1. Technical Field of the Invention
This invention relates generally to media broadcasting, and more particularly to dynamically assigning media advertising orders to any combination of previously booked and currently unbooked broadcast inventory.
2. Description of Related Art
Media stations can broadcast media content to end-users via FM, AM, Television, Cable, Satellite, or the Internet. Some media stations are “commercial free,” but require end-users to pay a periodic fee to receive that station's broadcast or stream. Other media stations broadcast content without charge to the end-users, but receive revenue from the sale of broadcast time, commonly referred to as “inventory.”
Various automated inventory management systems are available, and these systems typically map orders to available inventory using traditional factors such as demo/price efficiency, market and station balance, and fair and equal rotation. The mapping performed by current systems is generally a simple binary association, and once assigned to a unit of inventory, the mapping is fixed, and cannot change unless the automated system is bypassed and manual intervention is taken. The mapping of orders to inventory is performed on a first-come, first-served basis, and is generally performed at the time a new order is placed. Thus, once an order is mapped to a particular unit of inventory, the system makes that unit of inventory unavailable for later-submitted orders.

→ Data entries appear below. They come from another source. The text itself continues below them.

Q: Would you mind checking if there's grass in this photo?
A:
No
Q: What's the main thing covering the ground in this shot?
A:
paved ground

Additionally, conventional media advertising is based on finite and static data sets. The two primary buyer/seller processes, referred to as planning and campaign copy splitting, are generally third party audience ratings, which are estimates of a listening audience, an estimate of listening audience), and station attributes such as market, format, and time of day. The third party ratings generally change only twice a year, and in most cases broadcasters must manually approve each proposed advertising plan.

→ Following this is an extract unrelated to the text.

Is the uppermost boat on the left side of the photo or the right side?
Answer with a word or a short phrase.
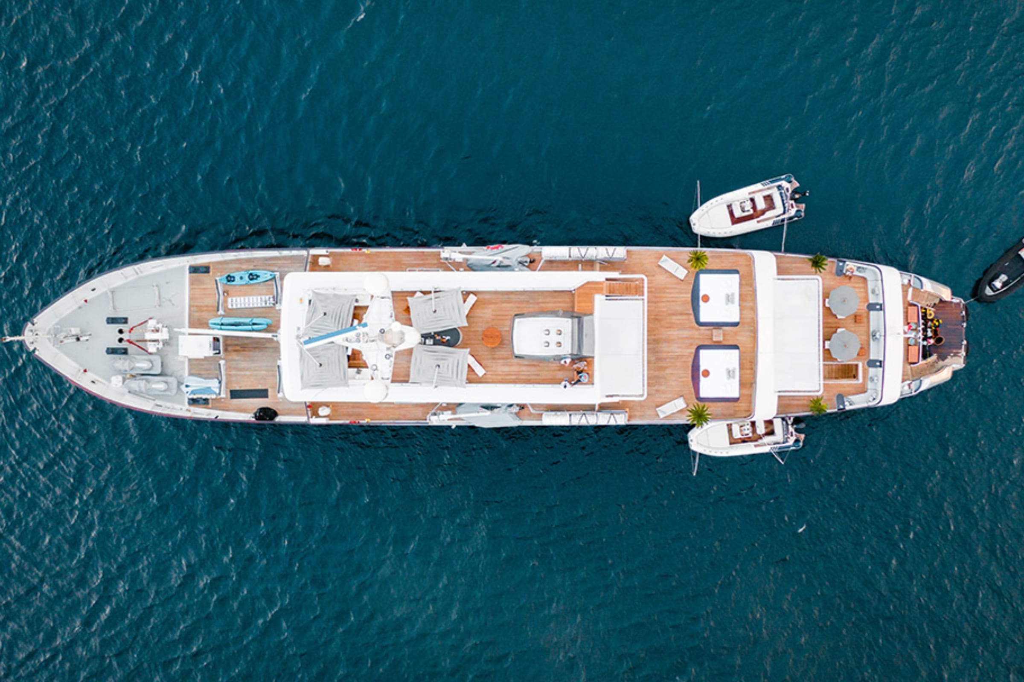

Furthermore, proper attribution of advertising can be difficult to demonstrate. For example, if a person hears an advertisement on the radio in his car, he may go home and search for the brand on the Internet, where an advertisement is displayed. In some such cases, the Internet advertisement is given credit for the exposure without taking into account that the radio advertisement should have received at least partial credit for the exposure.
A broadcast network lineup, sometimes referred to as a plan or schedule is generally considered to be a contractual order that the seller and buyer have transacted. It is usually a list of stations, weeks, day parts, and number of spots that the seller will air on behalf of the buyer. Originally broadcasting network lineups were referred to as pre-defined “wired networks.” And to make buying advertising time easier, these wired networks always offered the same lineup, and by extension the same audience. Eventually, a new network product was created to accommodate variation—“unwired networks”. Unwired networks are a customized, unique network plan based on the buyer's specification, or “spec”. A spec or specification is the set of goals the buyer wants to achieve from the media plan, for example the total budget, desired number of impressions, the time period, any station format exclusions, etc. In conventional systems, however, the spec is defined against the same finite and static data sets—third party audience and station attributes.
In both cases (wired and unwired), once the plan (station lineup) is booked or sold, it cannot change—the “spend” is guaranteed and will run as initially defined. This is a traditional limitation because with finite and static data, it is impracticable to change the plan's station lineup during an advertising campaign. Furthermore, in both cases (wired and unwired), the campaign copy rotation is limited to the station's contextual attributes—market, format, time. Besides being limited, it is operationally expensive to manage complicated copy rotation rules.
As discussed above, conventional media inventory sales and management systems, while adequate in many respects, are less than perfect.